(Dataset excerpts)
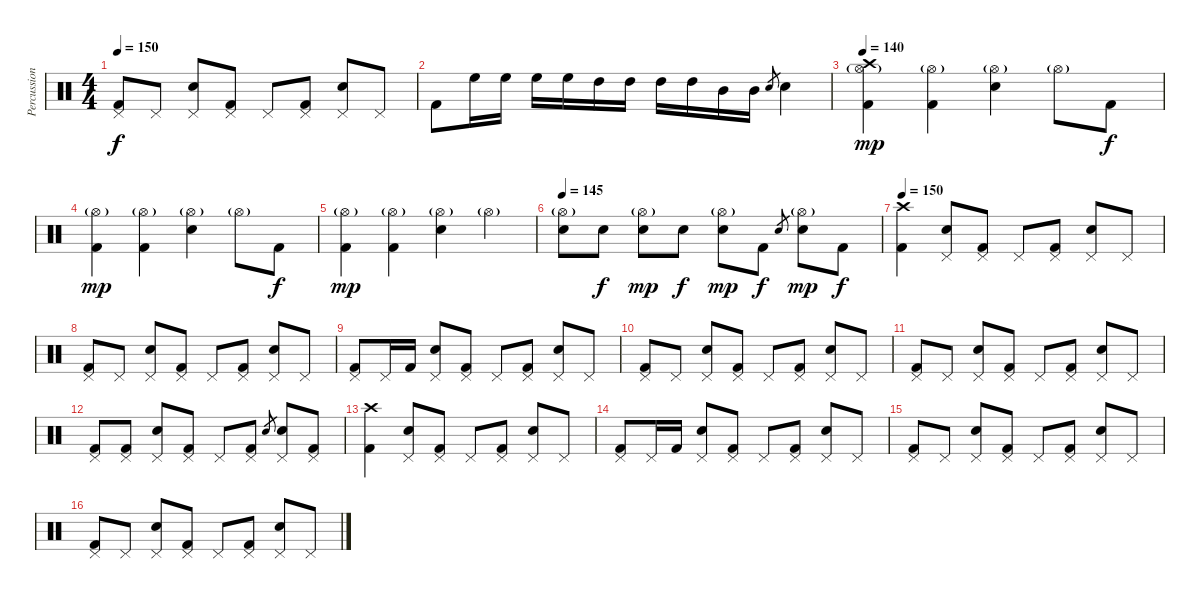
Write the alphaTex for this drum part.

\track ("Percussion" "Percussion") {instrument percussion}
\staff {score}
\articulation defaults
\ts (4 4)
\tempo 150
\clef neutral
\ks c
("Pedal Hi-Hat (hit)" "Kick (hit) 2").8{dy f} "Pedal Hi-Hat (hit)".8 ("Pedal Hi-Hat (hit)" "Snare (hit) 2").8 ("Pedal Hi-Hat (hit)" "Kick (hit) 2").8 "Pedal Hi-Hat (hit)".8 ("Pedal Hi-Hat (hit)" "Kick (hit) 2").8 ("Pedal Hi-Hat (hit)" "Snare (hit) 2").8 "Pedal Hi-Hat (hit)".8 |
"Kick (hit) 2".8 "High Floor Tom (hit)".16 "High Floor Tom (hit)".16 "High Floor Tom (hit)".16 "High Floor Tom (hit)".16 "High Tom (hit)".16 "High Tom (hit)".16 "High Tom (hit)".16 "High Tom (hit)".16 "Mid Tom (hit)".16 "Mid Tom (hit)".16 "Snare (hit) 2".8{gr} "Snare (hit) 2".4 |
\tempo 140
("Hi-Hat (open)"{g} "Crash high (hit)" "Kick (hit) 2").4{dy mp} ("Hi-Hat (open)"{g} "Kick (hit) 2").4 ("Hi-Hat (open)"{g} "Snare (hit) 2").4 "Hi-Hat (open)"{g}.8 "Kick (hit) 2".8{dy f} |
("Hi-Hat (open)"{g} "Kick (hit) 2").4{dy mp} ("Hi-Hat (open)"{g} "Kick (hit) 2").4 ("Hi-Hat (open)"{g} "Snare (hit) 2").4 "Hi-Hat (open)"{g}.8 "Kick (hit) 2".8{dy f} |
("Hi-Hat (open)"{g} "Kick (hit) 2").4{dy mp} ("Hi-Hat (open)"{g} "Kick (hit) 2").4 ("Hi-Hat (open)"{g} "Snare (hit) 2").4 "Hi-Hat (open)"{g}.4 |
\tempo 145
("Hi-Hat (open)"{g} "Snare (hit) 2").8 "Snare (hit) 2".8{dy f} ("Hi-Hat (open)"{g} "Snare (hit) 2").8{dy mp} "Snare (hit) 2".8{dy f} ("Hi-Hat (open)"{g} "Snare (hit) 2").8{dy mp} "Kick (hit) 2".8{dy f} "Snare (hit) 2".8{gr} ("Hi-Hat (open)"{g} "Snare (hit) 2").8{dy mp} "Kick (hit) 2".8{dy f} |
\tempo 150
("Crash high (hit)" "Kick (hit) 2").4 ("Pedal Hi-Hat (hit)" "Snare (hit) 2").8 ("Pedal Hi-Hat (hit)" "Kick (hit) 2").8 "Pedal Hi-Hat (hit)".8 ("Pedal Hi-Hat (hit)" "Kick (hit) 2").8 ("Pedal Hi-Hat (hit)" "Snare (hit) 2").8 "Pedal Hi-Hat (hit)".8 |
("Pedal Hi-Hat (hit)" "Kick (hit) 2").8 "Pedal Hi-Hat (hit)".8 ("Pedal Hi-Hat (hit)" "Snare (hit) 2").8 ("Pedal Hi-Hat (hit)" "Kick (hit) 2").8 "Pedal Hi-Hat (hit)".8 ("Pedal Hi-Hat (hit)" "Kick (hit) 2").8 ("Pedal Hi-Hat (hit)" "Snare (hit) 2").8 "Pedal Hi-Hat (hit)".8 |
("Pedal Hi-Hat (hit)" "Kick (hit) 2").8 "Pedal Hi-Hat (hit)".16 "Kick (hit) 2".16 ("Pedal Hi-Hat (hit)" "Snare (hit) 2").8 ("Pedal Hi-Hat (hit)" "Kick (hit) 2").8 "Pedal Hi-Hat (hit)".8 ("Pedal Hi-Hat (hit)" "Kick (hit) 2").8 ("Pedal Hi-Hat (hit)" "Snare (hit) 2").8 "Pedal Hi-Hat (hit)".8 |
("Pedal Hi-Hat (hit)" "Kick (hit) 2").8 "Pedal Hi-Hat (hit)".8 ("Pedal Hi-Hat (hit)" "Snare (hit) 2").8 ("Pedal Hi-Hat (hit)" "Kick (hit) 2").8 "Pedal Hi-Hat (hit)".8 ("Pedal Hi-Hat (hit)" "Kick (hit) 2").8 ("Pedal Hi-Hat (hit)" "Snare (hit) 2").8 "Pedal Hi-Hat (hit)".8 |
("Pedal Hi-Hat (hit)" "Kick (hit) 2").8 "Pedal Hi-Hat (hit)".8 ("Pedal Hi-Hat (hit)" "Snare (hit) 2").8 ("Pedal Hi-Hat (hit)" "Kick (hit) 2").8 "Pedal Hi-Hat (hit)".8 ("Pedal Hi-Hat (hit)" "Kick (hit) 2").8 ("Pedal Hi-Hat (hit)" "Snare (hit) 2").8 "Pedal Hi-Hat (hit)".8 |
("Pedal Hi-Hat (hit)" "Kick (hit) 2").8 ("Pedal Hi-Hat (hit)" "Kick (hit) 2").8 ("Pedal Hi-Hat (hit)" "Snare (hit) 2").8 ("Pedal Hi-Hat (hit)" "Kick (hit) 2").8 "Pedal Hi-Hat (hit)".8 ("Pedal Hi-Hat (hit)" "Kick (hit) 2").8 "Snare (hit) 2".8{gr} ("Pedal Hi-Hat (hit)" "Snare (hit) 2").8 ("Pedal Hi-Hat (hit)" "Kick (hit) 2").8 |
("Crash high (hit)" "Kick (hit) 2").4 ("Pedal Hi-Hat (hit)" "Snare (hit) 2").8 ("Pedal Hi-Hat (hit)" "Kick (hit) 2").8 "Pedal Hi-Hat (hit)".8 ("Pedal Hi-Hat (hit)" "Kick (hit) 2").8 ("Pedal Hi-Hat (hit)" "Snare (hit) 2").8 "Pedal Hi-Hat (hit)".8 |
("Pedal Hi-Hat (hit)" "Kick (hit) 2").8 "Pedal Hi-Hat (hit)".16 "Kick (hit) 2".16 ("Pedal Hi-Hat (hit)" "Snare (hit) 2").8 ("Pedal Hi-Hat (hit)" "Kick (hit) 2").8 "Pedal Hi-Hat (hit)".8 ("Pedal Hi-Hat (hit)" "Kick (hit) 2").8 ("Pedal Hi-Hat (hit)" "Snare (hit) 2").8 "Pedal Hi-Hat (hit)".8 |
("Pedal Hi-Hat (hit)" "Kick (hit) 2").8 "Pedal Hi-Hat (hit)".8 ("Pedal Hi-Hat (hit)" "Snare (hit) 2").8 ("Pedal Hi-Hat (hit)" "Kick (hit) 2").8 "Pedal Hi-Hat (hit)".8 ("Pedal Hi-Hat (hit)" "Kick (hit) 2").8 ("Pedal Hi-Hat (hit)" "Snare (hit) 2").8 "Pedal Hi-Hat (hit)".8 |
("Pedal Hi-Hat (hit)" "Kick (hit) 2").8 "Pedal Hi-Hat (hit)".8 ("Pedal Hi-Hat (hit)" "Snare (hit) 2").8 ("Pedal Hi-Hat (hit)" "Kick (hit) 2").8 "Pedal Hi-Hat (hit)".8 ("Pedal Hi-Hat (hit)" "Kick (hit) 2").8 ("Pedal Hi-Hat (hit)" "Snare (hit) 2").8 "Pedal Hi-Hat (hit)".8
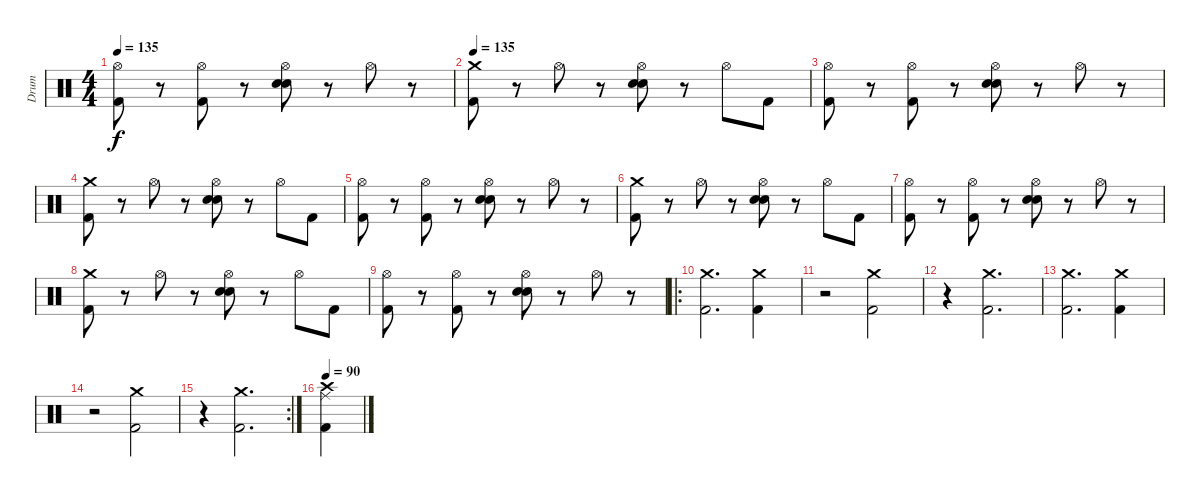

» WHAT IS BEING ASKED
State the number of lines in these entries where the word "tempo" occurs, without any other words.

» FINAL ANSWER
4